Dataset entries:
* * *

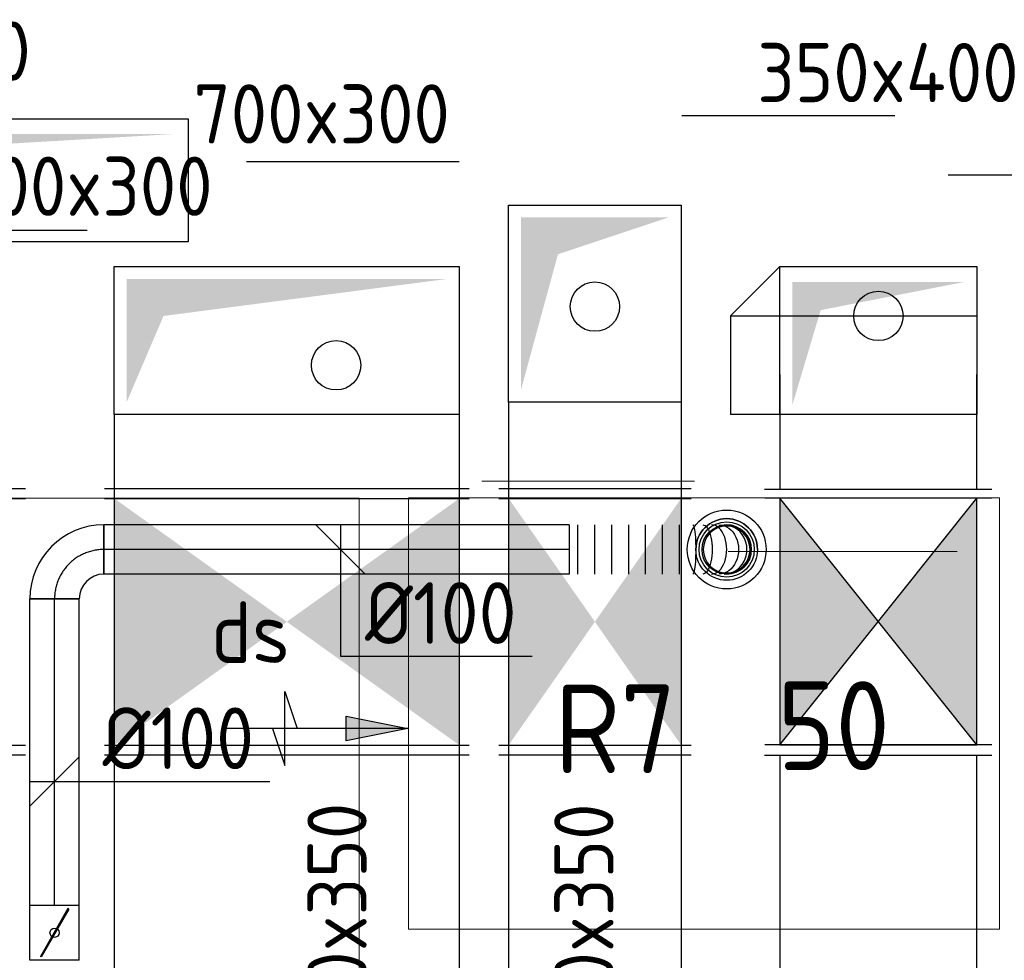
# Model space of a CAD drawing. Header units: millimetres. Extents: x -72915 to 21022, y 6278 to 52916.
# Tile 12 of 60: x -54809 to -52811, y 22017 to 23924. Entities that reach past the tile are written whole.
import ezdxf
from ezdxf.enums import TextEntityAlignment as Align

# ---------------------------------------------------------------- set-up
doc = ezdxf.new("R2010")
doc.units = ezdxf.units.MM
doc.header["$LTSCALE"] = 50
doc.linetypes.add('CENTER2', pattern=[28.575, 19.05, -3.175, 3.175, -3.175])
for name, color, linetype in [('4plfd', 254, 'Continuous'), ('910-1E$0$ARC', 10, 'Continuous'), ('WL570---_RETOUR', 100, 'Continuous'), ('WL570---_RETOUR_HL', 1, 'Continuous'), ('WL570---_RETOUR_RST', 100, 'Continuous'), ('WL570---_RETOUR_RST_HL', 1, 'Continuous'), ('WL570---_TOEVOER', 200, 'Continuous'), ('WM570---', 2, 'Continuous'), ('WM570---_RETOUR', 2, 'Continuous'), ('WM570---_RETOUR_HL', 1, 'Continuous'), ('WM570---_RETOUR_PR', 2, 'Continuous'), ('WM570---_RETOUR_RST_PR', 1, 'Continuous'), ('WM570---_TOEVOER', 2, 'Continuous')]:
    doc.layers.add(name, color=color, linetype=linetype)
doc.layers.add('WL570---_BESTAAND-MAATVOERING', color=161, linetype='Continuous', lineweight=0)
doc.layers.add('WL570---_BESTAAND-RETOUR', color=140, linetype='Continuous', lineweight=0)
doc.styles.add('BURO-018', font='ISO96.shx', dxfattribs={"height": 90})
doc.styles.add('BURO-025', font='ISO96.shx', dxfattribs={"height": 125})
doc.styles.add('ISO', font='ISO', dxfattribs={"height": 162})

# ---------------------------------------------------------------- blocks, each defined once
blk = doc.blocks.new('KARH')
for p, q in [((1, 0.5), (0, 0.5)), ((0, -0.5), (1, -0.5))]:
    blk.add_line(p, q)
at = {"invisible_edges": 15}
blk.add_3dface([(0, 0.5), (0, -0.5), (1, -0.5), (1, 0.5)], dxfattribs=at)
blk = doc.blocks.new('VBK40040000050000')
at = {"layer": 'WL570---_RETOUR'}
for p, q in [((0, -230), (0, 230)), ((500, -230), (500, 230)), ((0, -200), (500, 200)), ((0, 200), (500, -200))]:
    blk.add_line(p, q, dxfattribs=at)
blk.add_lwpolyline([(0, -200), (500, -200), (500, 200), (0, 200)], close=True, dxfattribs=at)
blk.add_lwpolyline([(0, -200), (500, -200), (500, 200), (0, 200)], close=True, dxfattribs=at)
for points in [[(0, 200), (500, 200), (250, 0)], [(0, -200), (500, -200), (250, 0)]]:
    blk.add_solid(points, dxfattribs=at)
blk = doc.blocks.new('Block plafond 1e verd')
at = {"layer": '4plfd', "linetype": 'Continuous', "lineweight": 13}
for points in [[(-34354.8, 2355.9), (-34354.8, -1501.4), (-36780.7, -1501.4), (-36780.7, -468.3), (-36625.9, -468.3), (-36625.9, 1957.2), (-35762.1, 1954.8), (-35762.1, 2355.9)], [(-34254.8, 2356.7), (-33055.7, 2356.7), (-33055.7, 1481.9), (-34254.8, 1481.9)]]:
    blk.add_lwpolyline(points, close=True, dxfattribs=at)
blk = doc.blocks.new('*U320')
at = {"color": 0, "ltscale": 10, "transparency": 33554687}
for radius in [80, 56]:
    blk.add_circle((0, 0, -2700), radius, dxfattribs=at)
at = {"layer": 'WL570---_RETOUR_RST_HL', "linetype": 'CENTER2', "transparency": 33554687}
blk.add_circle((0, 0, -2700), 0.075, dxfattribs=at)
at = {"layer": 'WL570---_RETOUR_RST', "color": 1, "transparency": 33554687, "style": 'BURO-018'}
for tag in ['MC', 'Q']:
    blk.add_attdef(tag, text='', height=180, dxfattribs=at).set_placement((0, 0), align=Align.MIDDLE)
at = {"layer": 'WM570---_RETOUR_RST_PR', "color": 1, "transparency": 33554687, "style": 'BURO-018'}
blk.add_attdef('POSNR', text='', height=180, dxfattribs=at).set_placement((0, 0), align=Align.MIDDLE)
blk = doc.blocks.new('*U915')
at = {"color": 0, "ltscale": 10}
for p, q in [((-100, -50, -2700), (-100, 50, -2700)), ((50, -100, -2700), (-50, -100, -2700))]:
    blk.add_line(p, q, dxfattribs=at)
for radius in [150, 50]:
    blk.add_arc((-100, -100, -2700), radius, 0, 90, dxfattribs=at)
at = {"layer": 'WL570---_RETOUR_HL', "linetype": 'CENTER2'}
blk.add_arc((-100, -100, -2700), 100, 0, 90, dxfattribs=at)
at = {"layer": 'WM570---_RETOUR_PR', "color": 2, "style": 'BURO-025'}
blk.add_attdef('POSNR', text='', height=125, dxfattribs=at).set_placement((0, 0), align=Align.MIDDLE)
blk = doc.blocks.new('*U919')
at = {"ltscale": 10}
for p, q in [((-55.8, 50, -2700), (55.8, 50, -2700)), ((-55.8, -50, -2700), (-55.8, 50, -2700)), ((55.8, 50, -2700), (55.8, -50, -2700)), ((-48.9, 27.1, -2700), (-47.9, 28.8, -2700)), ((47.9, -28.8, -2700), (-48.9, 27.1, -2700)), ((48.9, -27.1, -2700), (-47.9, 28.8, -2700)), ((47.9, -28.8, -2700), (48.9, -27.1, -2700)), ((-55.8, -50, -2700), (55.8, -50, -2700))]:
    blk.add_line(p, q, dxfattribs=at)
blk.add_circle((0, 0, -2700), 9.31, dxfattribs=at)
at = {"layer": 'WL570---_RETOUR', "color": 2, "style": 'BURO-025'}
blk.add_attdef('I', text='', height=125, dxfattribs=at).set_placement((0, 0), align=Align.MIDDLE)
at = {"layer": 'WM570---_RETOUR_PR', "color": 2, "style": 'BURO-025'}
blk.add_attdef('POSNR', text='', height=125, dxfattribs=at).set_placement((0, 0), align=Align.MIDDLE)
blk = doc.blocks.new('*U920')
at = {"color": 0, "ltscale": 10}
for p, q in [((0, 50, -2700), (621.2, 50, -2700)), ((621.2, 50, -2700), (621.2, -50, -2700)), ((0, -50, -2700), (621.2, -50, -2700))]:
    blk.add_line(p, q, dxfattribs=at)
at = {"layer": 'WL570---_RETOUR_HL', "linetype": 'CENTER2'}
blk.add_line((0, 0, -2700), (621.2, 0, -2700), dxfattribs=at)
at = {"layer": 'WM570---_RETOUR_PR', "color": 2, "style": 'BURO-025'}
blk.add_attdef('POSNR', text='', height=125, dxfattribs=at).set_placement((0, 0), align=Align.MIDDLE)
blk = doc.blocks.new('*U933')
at = {"color": 0, "ltscale": 10}
for radius in [62.5, 62.5, 62.5, 50, 50]:
    blk.add_circle((0, 0, -2556.8), radius, dxfattribs=at)
for radius, end in [(62.5, 180), (47.5, 359.82), (47.5, 359.82), (47.5, 180), (47.5, 180)]:
    blk.add_arc((0, 0, -2556.8), radius, 0, end, dxfattribs=at)
at = {"layer": 'WM570---_RETOUR_HL', "linetype": 'CENTER2'}
blk.add_circle((0, 0, -2556.8), 0.075, dxfattribs=at)
blk.add_circle((0, 0, -2556.8), 0.075, dxfattribs=at)
blk.add_circle((0, 0, -2556.8), 0.075, dxfattribs=at)
at = {"layer": 'WM570---_RETOUR_PR', "color": 2, "style": 'BURO-025'}
blk.add_attdef('POSNR', text='', height=125, dxfattribs=at).set_placement((0, 0), align=Align.MIDDLE)
blk = doc.blocks.new('*U934')
at = {"color": 0, "ltscale": 10}
for p, q in [((0, 50, -2700), (943.7, 50, -2700)), ((0, -50, -2700), (0, 50, -2700)), ((943.7, 50, -2700), (943.7, -50, -2700)), ((0, -50, -2700), (943.7, -50, -2700))]:
    blk.add_line(p, q, dxfattribs=at)
at = {"layer": 'WL570---_RETOUR_HL', "linetype": 'CENTER2'}
blk.add_line((0, 0, -2700), (943.7, 0, -2700), dxfattribs=at)
at = {"layer": 'WM570---_RETOUR_PR', "color": 2, "style": 'BURO-025'}
blk.add_attdef('POSNR', text='', height=125, dxfattribs=at).set_placement((0, 0), align=Align.MIDDLE)
blk = doc.blocks.new('*U935')
at = {"color": 0, "ltscale": 10}
for p, q in [((0, 50, -2700), (0, -50, -2700)), ((17.2, 50, -2700), (17.2, -50, -2700)), ((51.5, 50, -2700), (51.5, -50, -2700)), ((85.9, 50, -2700), (85.9, -50, -2700)), ((120.3, 50, -2700), (120.3, -50, -2700)), ((154.6, 50, -2700), (154.6, -50, -2700)), ((189, 50, -2700), (189, -50, -2700)), ((223.4, 50, -2700), (223.4, -50, -2700))]:
    blk.add_line(p, q, dxfattribs=at)
blk.add_arc((319.6, 0, -2700), 50, 270, 90, dxfattribs=at)
for centre, ratio in [((251, 0, -2700), 0.131652), ((289.1, 0, -2700), 0.614014), ((314.2, 0, -2700), 0.931852)]:
    blk.add_ellipse(centre, major_axis=(0, -50), ratio=ratio, start_param=0, end_param=3.141593, dxfattribs=at)
at = {"color": 0, "ltscale": 10, "extrusion": (0, 0, -1)}
for centre, ratio in [((271, 0, -2700), 0.385986), ((303.8, 0, -2700), 0.800199)]:
    blk.add_ellipse(centre, major_axis=(0, 50), ratio=ratio, start_param=0, end_param=3.141593, dxfattribs=at)
at = {"layer": 'WM570---_RETOUR_PR', "color": 2, "style": 'BURO-025'}
blk.add_attdef('POSNR', text='', height=125, dxfattribs=at).set_placement((0, 0), align=Align.MIDDLE)
blk = doc.blocks.new('*U945')
at = {"layer": 'WM570---_RETOUR', "color": 0, "ltscale": 10}
for p, q in [((-50, -50), (50, 50)), ((-50, 0), (436.6, 0))]:
    blk.add_line(p, q, dxfattribs=at)
at = {"layer": 'WM570---_RETOUR', "color": 0, "style": 'BURO-025'}
blk.add_text('%%c100', height=125, dxfattribs=at).set_placement((97.3, 25))
blk = doc.blocks.new('*U948')
at = {"layer": 'WM570---_RETOUR', "color": 0, "ltscale": 10}
for p, q in [((50, -50), (-50, 50)), ((0, 50), (0, -216.4)), ((0, -216.4), (389.3, -216.4))]:
    blk.add_line(p, q, dxfattribs=at)
at = {"layer": 'WM570---_RETOUR', "color": 0, "style": 'BURO-025'}
blk.add_text('%%c100', height=125, dxfattribs=at).set_placement((50, -191.4))
blk = doc.blocks.new('LU-PIJL6')
at = {"color": 0, "linetype": 'Continuous'}
for p, q in [((-5, -1.5), (-5, 1.5)), ((-5, 1.5), (-4.5, 0)), ((-2.5, -0.5), (-2.5, 0.5)), ((-2.5, 0.5), (0, 0)), ((0, 0), (-7.5, 0)), ((-5.5, 0), (-5, -1.5)), ((0, 0), (-2.5, -0.5))]:
    blk.add_line(p, q, dxfattribs=at)
blk.add_solid([(-2.5, 0.5), (-2.5, -0.5), (0, 0)], dxfattribs=at)

msp = doc.modelspace()

# ---------------------------------------------------------------- linework, layer by layer
at = {"layer": '910-1E$0$ARC', "color": 10}
msp.add_line((-52831.9, 23773.4), (-52831.9, 23773.4), dxfattribs=at)
msp.add_line((-52831.9, 23773.4), (-52831.9, 23773.4), dxfattribs=at)
msp.add_line((-52831.9, 23773.4), (-52831.9, 23773.4), dxfattribs=at)
msp.add_line((-52831.9, 23773.4), (-52831.9, 23773.4), dxfattribs=at)
msp.add_line((-52831.9, 23773.4), (-52831.9, 23773.4), dxfattribs=at)
msp.add_line((-52831.9, 23773.4), (-52831.9, 23773.4), dxfattribs=at)
msp.add_line((-52831.9, 23773.4), (-52831.9, 23773.4), dxfattribs=at)
msp.add_line((-52831.9, 23773.4), (-52831.9, 23773.4), dxfattribs=at)
at = {"layer": 'WL570---_BESTAAND-MAATVOERING'}
msp.add_line((-53871.3, 22988.8), (-53439.9, 22988.8), dxfattribs=at)
at = {"layer": 'WL570---_BESTAAND-RETOUR'}
msp.add_line((-53371.8, 22845.8), (-52907.3, 22845.8), dxfattribs=at)
at = {"layer": 'WL570---_RETOUR'}
for p, q in [((-53366.9, 23323.4), (-53266.9, 23423.4)), ((-53366.9, 23323.4), (-53366.9, 23123.4)), ((-53366.9, 23323.4), (-52866.9, 23323.4)), ((-53266.9, 23123.4), (-53366.9, 23123.4)), ((-52866.9, 23123.4), (-53266.9, 23123.4)), ((-55536.9, 22973.4), (-54796.9, 22973.4)), ((-53298, 22972.5), (-52837, 22972.5)), ((-55536.9, 22953.4), (-54796.9, 22953.4)), ((-55536.9, 22453.4), (-54796.9, 22453.4)), ((-55536.9, 22433.4), (-54796.9, 22433.4)), ((-53298, 22433), (-52837, 22433))]:
    msp.add_line(p, q, dxfattribs=at)
msp.add_lwpolyline([(-53266.9, 23123.4), (-53266.9, 23423.4), (-52866.9, 23423.4), (-52866.9, 23123.4)], dxfattribs=at)
for points in [[(-53241.4, 23142.6), (-53184, 23335.2), (-53241.4, 23392.6)], [(-53184, 23335.2), (-52891.4, 23392.6), (-53241.4, 23392.6)]]:
    msp.add_solid(points, dxfattribs=at)
at = {"layer": 'WL570---_TOEVOER'}
for p, q in [((-53816.9, 23148.4), (-53816.9, 21251.7)), ((-53466.9, 23148.4), (-53466.9, 21251.7)), ((-54616.9, 23123.4), (-54616.9, 21508.2)), ((-53916.9, 23123.4), (-53916.9, 21508.2)), ((-54636.9, 22973.4), (-53896.9, 22973.4)), ((-53836.9, 22973.4), (-53446.9, 22973.4)), ((-54636.9, 22953.4), (-53896.9, 22953.4)), ((-53836.9, 22953.4), (-53446.9, 22953.4)), ((-54636.9, 22453.4), (-53896.9, 22453.4)), ((-53836.9, 22453.4), (-53446.9, 22453.4)), ((-54636.9, 22433.4), (-53896.9, 22433.4)), ((-53836.9, 22433.4), (-53446.9, 22433.4))]:
    msp.add_line(p, q, dxfattribs=at)
for points in [[(-55866.9, 23473.4), (-55866.9, 23723.4), (-54466.9, 23723.4), (-54466.9, 23473.4)], [(-53816.9, 23148.4), (-53816.9, 23548.4), (-53466.9, 23548.4), (-53466.9, 23148.4)], [(-54616.9, 23123.4), (-54616.9, 23423.4), (-53916.9, 23423.4), (-53916.9, 23123.4)]]:
    msp.add_lwpolyline(points, close=True, dxfattribs=at)
for points in [[(-55766.4, 23617.6), (-54491.4, 23692.6), (-55841.4, 23692.6)], [(-53791.9, 23173.4), (-53716.9, 23448.4), (-53791.9, 23523.4)], [(-53716.9, 23448.4), (-53491.9, 23523.4), (-53791.9, 23523.4)], [(-54591.9, 23148.4), (-54516.9, 23323.4), (-54591.9, 23398.4)], [(-54516.9, 23323.4), (-53941.9, 23398.4), (-54591.9, 23398.4)], [(-54616.9, 22453.4), (-54616.9, 22953.4), (-53916.9, 22953.4), (-53916.9, 22453.4)], [(-53816.9, 22453.4), (-53816.9, 22953.4), (-53466.9, 22953.4), (-53466.9, 22453.4)]]:
    msp.add_solid(points, dxfattribs=at)
at = {"layer": 'WM570---'}
for points in [[(-53616.9, 23385.6, 0, 33.3, 0), (-53566.9, 23472.2, 0, 0, 0), (-53329.7, 23883.2, 0, 0, 0)], [(-52754.7, 23864.3, 0, 33.3, 0), (-52804.7, 23777.7, 0, 0, 0), (-53041.9, 23366.7, 0, 0, 0)], [(-54141.9, 23266.7, 0, 33.3, 0), (-54091.9, 23353.3, 0, 0, 0), (-53854.7, 23764.3, 0, 0, 0)], [(-53954.2, 22801.5, 0, 33.3, 0), (-53904.2, 22888.1, 0, 0, 0), (-53666.9, 23299, 0, 0, 0)], [(-53091.9, 23280.1, 0, 33.3, 0), (-53141.9, 23193.5, 0, 0, 0), (-53379.2, 22782.5, 0, 0, 0)]]:
    msp.add_lwpolyline(points, format="xyseb", dxfattribs=at)
for centre in [(-53641.9, 23342.3), (-53066.9, 23323.4), (-54166.9, 23223.4)]:
    msp.add_circle(centre, 50, dxfattribs=at)
at = {"layer": 'WM570---_RETOUR'}
for p, q in [((-52925, 23609.9), (-52171.7, 23609.9)), ((-55059.7, 23497.1), (-54671.9, 23497.1))]:
    msp.add_line(p, q, dxfattribs=at)
at = {"layer": 'WM570---_TOEVOER'}
for p, q in [((-53465.3, 23730.2), (-53033.8, 23730.2)), ((-54348.6, 23636.3), (-53917.1, 23636.3))]:
    msp.add_line(p, q, dxfattribs=at)

# ---------------------------------------------------------------- block references
at = {"layer": 'WL570---_RETOUR', "yscale": 400, "zscale": 400, "rotation": 90}
for p, xscale in [((-53066.9, 22972.5), 232.1597878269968), ((-53066.9, 21966.1), 466.8896251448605)]:
    msp.add_blockref('KARH', p, dxfattribs=dict(at, xscale=xscale))
at = {"layer": 'WL570---_RETOUR'}
for name, p, rotation in [('VBK40040000050000', (-53066.9, 22453.9), 90), ('*U915', (-54737.9, 22850, 2700), 90), ('*U934', (-53694.2, 22850, 2700), 180), ('*U920', (-54737.9, 22128.8, 2700), 90), ('*U919', (-54737.9, 22072.9, 2700), 90)]:
    msp.add_blockref(name, p, dxfattribs=dict(at, rotation=rotation))
msp.add_blockref('*U935', (-53694.2, 22850, 2700), dxfattribs=at)
at = {"layer": 'WL570---_RETOUR', "xscale": 50, "yscale": 50, "zscale": 50}
msp.add_blockref('LU-PIJL6', (-54021.1, 22487.1), dxfattribs=at)
at = {"layer": 'WM570---_RETOUR', "transparency": 33554687}
ref = msp.add_blockref('*U320', (-53374.6, 22850, 2500), dxfattribs=at)
ref.add_attrib('Q', '50', dxfattribs={"layer": 'WL570---_RETOUR_RST', "color": 0, "transparency": 33554687, "height": 180, "style": 'BURO-018'}).set_placement((-53157.6, 22492.7, -200), align=Align.MIDDLE)
ref.add_attrib('MC', 'R7', dxfattribs={"layer": 'WL570---_RETOUR_RST', "color": 0, "transparency": 33554687, "height": 180, "style": 'BURO-018'}).set_placement((-53600.3, 22486.7, -200), align=Align.MIDDLE)
at = {"layer": 'WM570---_RETOUR'}
for name, p in [('*U933', (-53374.6, 22850, 2556.8)), ('*U948', (-54158.2, 22850, 2700)), ('*U945', (-54737.9, 22379.7, 2700))]:
    msp.add_blockref(name, p, dxfattribs=at)
at = {"layer": 'WM570---_TOEVOER'}
msp.add_blockref('Block plafond 1e verd', (-19765.4, 20598.3), dxfattribs=at)

# ---------------------------------------------------------------- texts
at = {"layer": 'WM570---_RETOUR', "style": 'ISO'}
for s, p in [('1400x250', (-55368.2, 23764.5)), ('700x300', (-54937.3, 23490.5))]:
    msp.add_text(s, height=120, rotation=360, dxfattribs=at).set_placement(p, align=Align.BOTTOM_LEFT)
at = {"layer": 'WM570---_TOEVOER', "style": 'ISO'}
for s, p in [('350x400', (-53312.6, 23720.9)), ('700x300', (-54456.1, 23637.1))]:
    msp.add_text(s, height=120, rotation=360, dxfattribs=at).set_placement(p, align=Align.BOTTOM_LEFT)
at = {"layer": 'WM570---_TOEVOER', "lineweight": 0, "style": 'BURO-025'}
msp.add_text('ds', height=125, dxfattribs=at).set_placement((-54420.2, 22619.8))
at = {"layer": 'WM570---_TOEVOER', "style": 'ISO'}
for s, p in [('BK=700x350', (-54165.2, 21947.1)), ('BK=350x350', (-53664.5, 21943.1))]:
    msp.add_text(s, height=120, rotation=90, dxfattribs=at).set_placement(p, align=Align.MIDDLE)

doc.saveas('drawing.dxf')

* * *

> [Exercise]:
Only one stretch of the records above is wanted: the lines between the one holding "blk = doc.blocks.new('*U920')" and the one holding "blk.add_line((0, 0, -2700), (621.2, 0, -2700), dxfattribs=at)", inclusive, reproduced exactly.

> [Result of this task]:
blk = doc.blocks.new('*U920')
at = {"color": 0, "ltscale": 10}
for p, q in [((0, 50, -2700), (621.2, 50, -2700)), ((621.2, 50, -2700), (621.2, -50, -2700)), ((0, -50, -2700), (621.2, -50, -2700))]:
    blk.add_line(p, q, dxfattribs=at)
at = {"layer": 'WL570---_RETOUR_HL', "linetype": 'CENTER2'}
blk.add_line((0, 0, -2700), (621.2, 0, -2700), dxfattribs=at)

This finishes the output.